====== Data for analysis
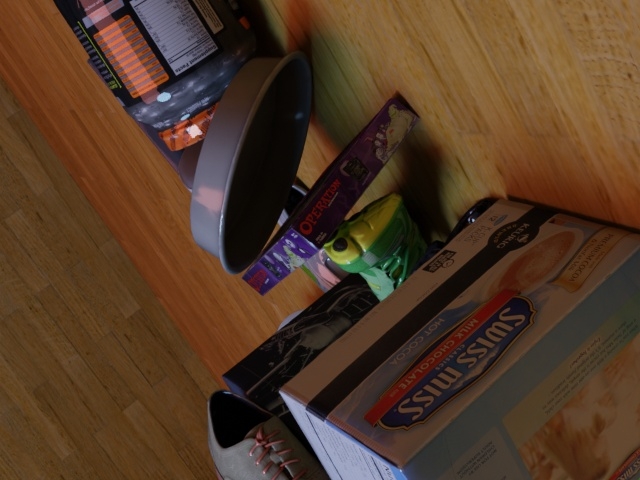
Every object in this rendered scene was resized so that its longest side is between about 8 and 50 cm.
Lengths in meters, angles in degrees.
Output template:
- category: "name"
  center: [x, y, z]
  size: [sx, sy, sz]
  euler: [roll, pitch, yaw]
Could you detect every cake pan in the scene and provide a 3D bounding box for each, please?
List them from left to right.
- category: "cake pan"
  center: [-0.086, -0.103, 1.310]
  size: [0.054, 0.293, 0.293]
  euler: [19, 154, 11]

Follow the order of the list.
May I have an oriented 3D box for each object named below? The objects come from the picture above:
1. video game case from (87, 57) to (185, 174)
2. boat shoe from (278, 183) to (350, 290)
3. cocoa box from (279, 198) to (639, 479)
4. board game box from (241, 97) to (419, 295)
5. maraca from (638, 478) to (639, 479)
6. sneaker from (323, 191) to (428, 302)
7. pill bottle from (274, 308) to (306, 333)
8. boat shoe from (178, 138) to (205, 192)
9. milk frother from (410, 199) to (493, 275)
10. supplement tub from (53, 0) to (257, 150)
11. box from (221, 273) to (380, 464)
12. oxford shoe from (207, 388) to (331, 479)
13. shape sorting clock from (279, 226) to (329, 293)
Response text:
- category: "video game case"
  center: [-0.220, -0.192, 1.643]
  size: [0.275, 0.035, 0.248]
  euler: [51, -162, 1]
- category: "boat shoe"
  center: [0.000, -0.001, 1.632]
  size: [0.227, 0.079, 0.081]
  euler: [48, 167, 20]
- category: "cocoa box"
  center: [0.184, 0.159, 1.063]
  size: [0.228, 0.347, 0.231]
  euler: [20, 144, 57]
- category: "board game box"
  center: [0.001, -0.044, 1.338]
  size: [0.056, 0.208, 0.347]
  euler: [42, 162, -2]
- category: "maraca"
  center: [0.440, 0.380, 1.292]
  size: [0.186, 0.099, 0.127]
  euler: [-110, 5, -46]
- category: "sneaker"
  center: [0.089, 0.014, 1.295]
  size: [0.123, 0.109, 0.295]
  euler: [56, -168, 7]
- category: "pill bottle"
  center: [-0.006, 0.260, 1.993]
  size: [0.181, 0.181, 0.323]
  euler: [42, 160, 26]
- category: "boat shoe"
  center: [-0.133, -0.129, 1.505]
  size: [0.105, 0.113, 0.306]
  euler: [55, -169, -29]
- category: "milk frother"
  center: [0.196, 0.039, 1.227]
  size: [0.134, 0.129, 0.143]
  euler: [22, 142, -26]
- category: "supplement tub"
  center: [-0.221, -0.302, 1.367]
  size: [0.338, 0.207, 0.207]
  euler: [59, 161, -17]
- category: "box"
  center: [0.090, 0.205, 1.439]
  size: [0.343, 0.312, 0.179]
  euler: [20, 144, 58]
- category: "oxford shoe"
  center: [-0.054, 0.297, 1.275]
  size: [0.348, 0.123, 0.130]
  euler: [25, 142, 52]
- category: "shape sorting clock"
  center: [0.007, 0.046, 1.770]
  size: [0.206, 0.040, 0.206]
  euler: [48, 170, 11]
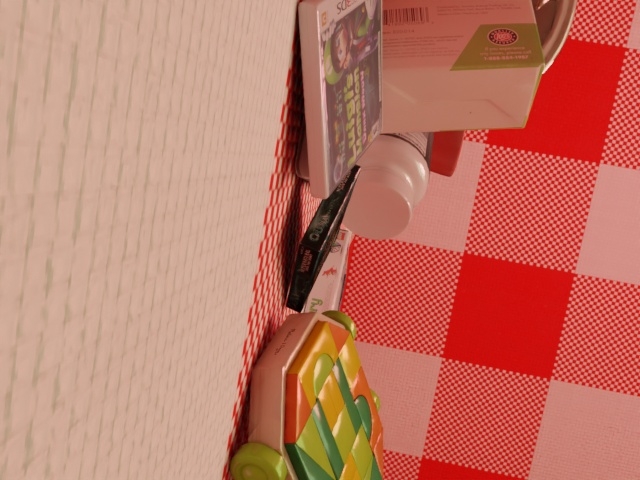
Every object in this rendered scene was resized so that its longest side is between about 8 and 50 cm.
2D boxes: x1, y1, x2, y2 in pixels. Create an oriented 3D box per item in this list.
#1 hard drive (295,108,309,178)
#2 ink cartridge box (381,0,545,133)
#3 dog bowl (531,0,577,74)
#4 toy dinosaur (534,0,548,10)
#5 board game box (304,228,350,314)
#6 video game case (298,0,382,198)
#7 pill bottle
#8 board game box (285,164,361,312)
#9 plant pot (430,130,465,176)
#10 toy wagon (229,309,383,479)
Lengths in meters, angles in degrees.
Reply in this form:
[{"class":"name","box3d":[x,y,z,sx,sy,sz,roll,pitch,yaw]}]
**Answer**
[{"class":"hard drive","box3d":[0.020,-0.168,0.868,0.307,0.040,0.203,-11,112,-85]},{"class":"ink cartridge box","box3d":[0.161,-0.317,0.906,0.119,0.207,0.354,82,8,-59]},{"class":"dog bowl","box3d":[0.256,-0.454,1.162,0.150,0.408,0.408,15,-85,56]},{"class":"toy dinosaur","box3d":[0.318,-0.427,0.954,0.200,0.127,0.296,117,-26,-74]},{"class":"board game box","box3d":[0.001,0.153,1.265,0.193,0.053,0.305,92,10,-55]},{"class":"video game case","box3d":[0.027,-0.164,0.683,0.173,0.022,0.190,-52,147,-49]},{"class":"pill bottle","box3d":[0.120,-0.155,1.263,0.319,0.176,0.176,-75,173,-45]},{"class":"board game box","box3d":[0.000,0.000,0.831,0.186,0.026,0.126,107,8,-61]},{"class":"plant pot","box3d":[0.202,-0.295,1.522,0.275,0.243,0.275,10,90,-85]},{"class":"toy wagon","box3d":[0.013,0.257,0.799,0.267,0.068,0.344,-54,130,-56]}]
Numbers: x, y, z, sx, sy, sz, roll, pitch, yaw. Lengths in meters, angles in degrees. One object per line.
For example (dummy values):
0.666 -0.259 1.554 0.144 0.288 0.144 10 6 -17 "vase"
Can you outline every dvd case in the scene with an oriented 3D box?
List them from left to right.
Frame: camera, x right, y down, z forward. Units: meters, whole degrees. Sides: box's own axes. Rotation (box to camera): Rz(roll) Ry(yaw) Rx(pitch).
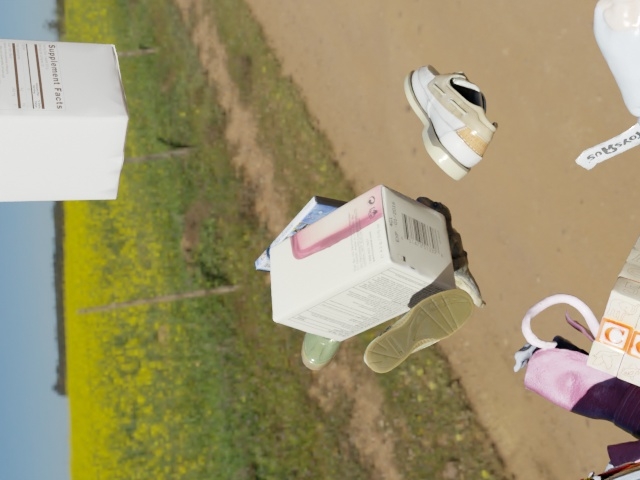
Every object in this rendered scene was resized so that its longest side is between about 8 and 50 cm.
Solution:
0.000 0.000 1.767 0.253 0.180 0.022 -46 46 41 "dvd case"

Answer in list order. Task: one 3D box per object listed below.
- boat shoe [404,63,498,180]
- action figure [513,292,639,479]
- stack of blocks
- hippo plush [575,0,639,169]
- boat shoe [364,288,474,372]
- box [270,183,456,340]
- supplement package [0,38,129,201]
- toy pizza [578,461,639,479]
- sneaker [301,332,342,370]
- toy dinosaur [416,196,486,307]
0.216 -0.213 1.387 0.103 0.113 0.302 -43 31 22 "boat shoe"
0.515 0.248 1.370 0.370 0.248 0.276 35 147 38 "action figure"
0.475 0.084 1.239 0.087 0.297 0.171 20 126 23 "stack of blocks"
0.330 -0.116 0.728 0.294 0.234 0.236 -45 7 31 "hippo plush"
0.120 0.110 1.065 0.056 0.153 0.048 54 175 0 "boat shoe"
0.057 0.039 1.246 0.232 0.148 0.127 -29 54 37 "box"
-0.448 -0.177 1.269 0.178 0.292 0.175 114 146 -45 "supplement package"
0.376 0.331 1.148 0.201 0.201 0.032 111 144 -55 "toy pizza"
0.027 0.118 1.429 0.192 0.064 0.086 -57 -11 -28 "sneaker"
0.207 0.055 1.410 0.064 0.118 0.268 16 145 47 "toy dinosaur"
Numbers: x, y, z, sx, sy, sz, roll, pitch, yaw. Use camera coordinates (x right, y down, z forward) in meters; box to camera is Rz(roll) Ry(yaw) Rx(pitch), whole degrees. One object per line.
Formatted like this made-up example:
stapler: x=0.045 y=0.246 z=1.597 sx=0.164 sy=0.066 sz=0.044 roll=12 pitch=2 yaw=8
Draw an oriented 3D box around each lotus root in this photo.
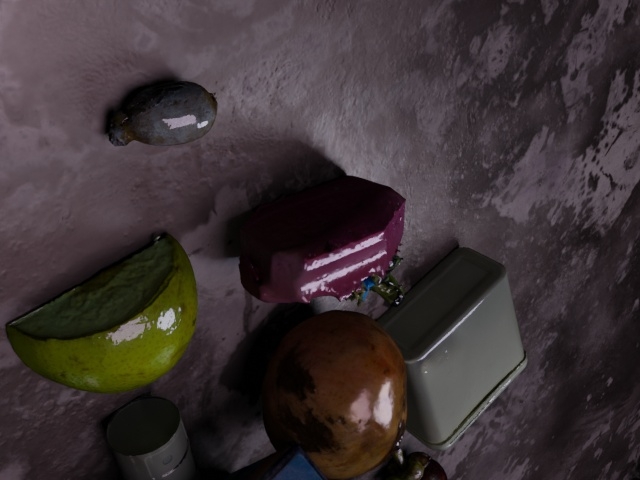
============
→ **Your instructions**: Using the records above, gather all lines where the string "degrees" is present.

→ **Task output**:
Lengths in meters, angles in degrees.
Lengths in meters, angles in degrees.
Numbers: x, y, z, sx, sy, sz, roll, pitch, yaw. Lengths in meters, angles in degrees. One object per line.
Frame: camera, x right, y down, z forward. Units: meters, whole degrees. Sides: box's own axes. Rotation (box to camera): Rz(roll) Ry(yaw) Rx(pitch).
Numbers: x, y, z, sx, sy, sz, roll, pitch, yaw. Use camera coordinates (x right, y down, z forward) in meters; box to camera is Rz(roll) Ry(yaw) Rx(pitch), whole degrees. One object per line.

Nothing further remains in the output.